**WORK REQUEST:**
Determine the number of lines of the records below that include "high". Respond with the number and no other text.

**RECORDS TO USE:**
^^^^

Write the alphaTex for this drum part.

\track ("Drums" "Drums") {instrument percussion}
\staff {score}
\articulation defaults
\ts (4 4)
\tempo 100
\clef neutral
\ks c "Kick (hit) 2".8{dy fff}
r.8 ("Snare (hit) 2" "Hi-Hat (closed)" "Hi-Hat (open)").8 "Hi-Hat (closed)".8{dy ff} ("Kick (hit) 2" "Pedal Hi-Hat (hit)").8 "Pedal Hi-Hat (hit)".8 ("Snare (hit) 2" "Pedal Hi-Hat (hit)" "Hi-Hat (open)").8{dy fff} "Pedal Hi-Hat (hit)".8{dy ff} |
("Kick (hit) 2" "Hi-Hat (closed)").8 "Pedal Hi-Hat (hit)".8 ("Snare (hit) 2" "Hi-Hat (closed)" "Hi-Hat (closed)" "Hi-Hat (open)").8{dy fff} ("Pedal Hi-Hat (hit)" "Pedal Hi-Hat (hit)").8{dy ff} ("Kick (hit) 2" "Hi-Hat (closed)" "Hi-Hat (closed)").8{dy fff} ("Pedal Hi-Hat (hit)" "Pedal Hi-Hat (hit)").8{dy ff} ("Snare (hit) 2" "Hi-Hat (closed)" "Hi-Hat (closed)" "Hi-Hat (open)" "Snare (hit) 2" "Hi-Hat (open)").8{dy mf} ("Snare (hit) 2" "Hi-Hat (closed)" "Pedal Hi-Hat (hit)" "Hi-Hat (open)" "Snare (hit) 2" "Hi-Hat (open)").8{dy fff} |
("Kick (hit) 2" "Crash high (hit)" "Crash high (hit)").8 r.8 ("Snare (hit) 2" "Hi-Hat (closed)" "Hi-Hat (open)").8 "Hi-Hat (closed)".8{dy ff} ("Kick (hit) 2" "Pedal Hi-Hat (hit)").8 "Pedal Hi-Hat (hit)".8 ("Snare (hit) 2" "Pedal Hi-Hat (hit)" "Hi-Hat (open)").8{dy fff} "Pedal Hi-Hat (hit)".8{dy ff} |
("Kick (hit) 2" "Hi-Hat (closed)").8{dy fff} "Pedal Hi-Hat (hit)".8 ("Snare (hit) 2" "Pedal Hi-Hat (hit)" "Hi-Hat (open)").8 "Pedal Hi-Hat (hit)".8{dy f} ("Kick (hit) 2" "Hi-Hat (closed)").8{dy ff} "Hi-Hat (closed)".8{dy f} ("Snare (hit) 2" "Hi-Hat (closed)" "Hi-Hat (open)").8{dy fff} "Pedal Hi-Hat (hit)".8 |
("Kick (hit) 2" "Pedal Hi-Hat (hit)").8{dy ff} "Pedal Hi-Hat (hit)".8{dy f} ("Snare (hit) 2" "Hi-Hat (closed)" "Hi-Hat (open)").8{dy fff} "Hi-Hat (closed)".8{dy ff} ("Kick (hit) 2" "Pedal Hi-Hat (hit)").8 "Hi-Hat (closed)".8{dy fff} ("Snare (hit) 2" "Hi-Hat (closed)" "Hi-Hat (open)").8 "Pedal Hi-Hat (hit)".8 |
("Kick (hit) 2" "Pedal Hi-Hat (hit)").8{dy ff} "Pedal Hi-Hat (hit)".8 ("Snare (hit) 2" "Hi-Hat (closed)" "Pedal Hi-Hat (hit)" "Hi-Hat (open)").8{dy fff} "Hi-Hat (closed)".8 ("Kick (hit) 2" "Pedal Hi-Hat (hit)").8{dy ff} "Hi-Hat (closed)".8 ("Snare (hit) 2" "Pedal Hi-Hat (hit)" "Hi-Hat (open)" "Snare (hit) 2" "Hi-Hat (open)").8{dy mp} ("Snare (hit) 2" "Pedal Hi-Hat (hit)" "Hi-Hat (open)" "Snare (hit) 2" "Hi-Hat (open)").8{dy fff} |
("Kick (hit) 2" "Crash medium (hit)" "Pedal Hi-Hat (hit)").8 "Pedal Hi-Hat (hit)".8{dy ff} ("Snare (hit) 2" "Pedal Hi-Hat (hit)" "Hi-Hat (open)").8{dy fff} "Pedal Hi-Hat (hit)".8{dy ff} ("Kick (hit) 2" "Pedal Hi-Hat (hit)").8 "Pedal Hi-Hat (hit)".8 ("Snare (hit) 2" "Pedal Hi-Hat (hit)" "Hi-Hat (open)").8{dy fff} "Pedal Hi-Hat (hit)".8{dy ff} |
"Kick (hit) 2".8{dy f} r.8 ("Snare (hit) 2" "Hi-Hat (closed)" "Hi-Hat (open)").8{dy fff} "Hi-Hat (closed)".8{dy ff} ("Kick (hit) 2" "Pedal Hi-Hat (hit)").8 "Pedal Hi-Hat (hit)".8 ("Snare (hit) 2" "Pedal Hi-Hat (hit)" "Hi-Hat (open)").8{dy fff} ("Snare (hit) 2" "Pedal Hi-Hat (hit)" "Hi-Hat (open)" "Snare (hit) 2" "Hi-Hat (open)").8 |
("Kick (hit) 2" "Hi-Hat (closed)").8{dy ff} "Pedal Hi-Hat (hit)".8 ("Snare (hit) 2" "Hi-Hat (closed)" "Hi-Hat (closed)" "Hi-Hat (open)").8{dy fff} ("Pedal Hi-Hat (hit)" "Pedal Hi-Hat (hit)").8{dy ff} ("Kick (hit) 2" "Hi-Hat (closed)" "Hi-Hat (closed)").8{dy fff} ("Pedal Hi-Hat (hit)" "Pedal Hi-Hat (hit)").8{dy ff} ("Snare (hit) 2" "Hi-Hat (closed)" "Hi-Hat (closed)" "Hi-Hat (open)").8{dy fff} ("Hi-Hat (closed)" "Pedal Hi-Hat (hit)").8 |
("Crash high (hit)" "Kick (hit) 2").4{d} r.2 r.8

^^^^

**ANSWER FOR THIS EXERCISE:**
2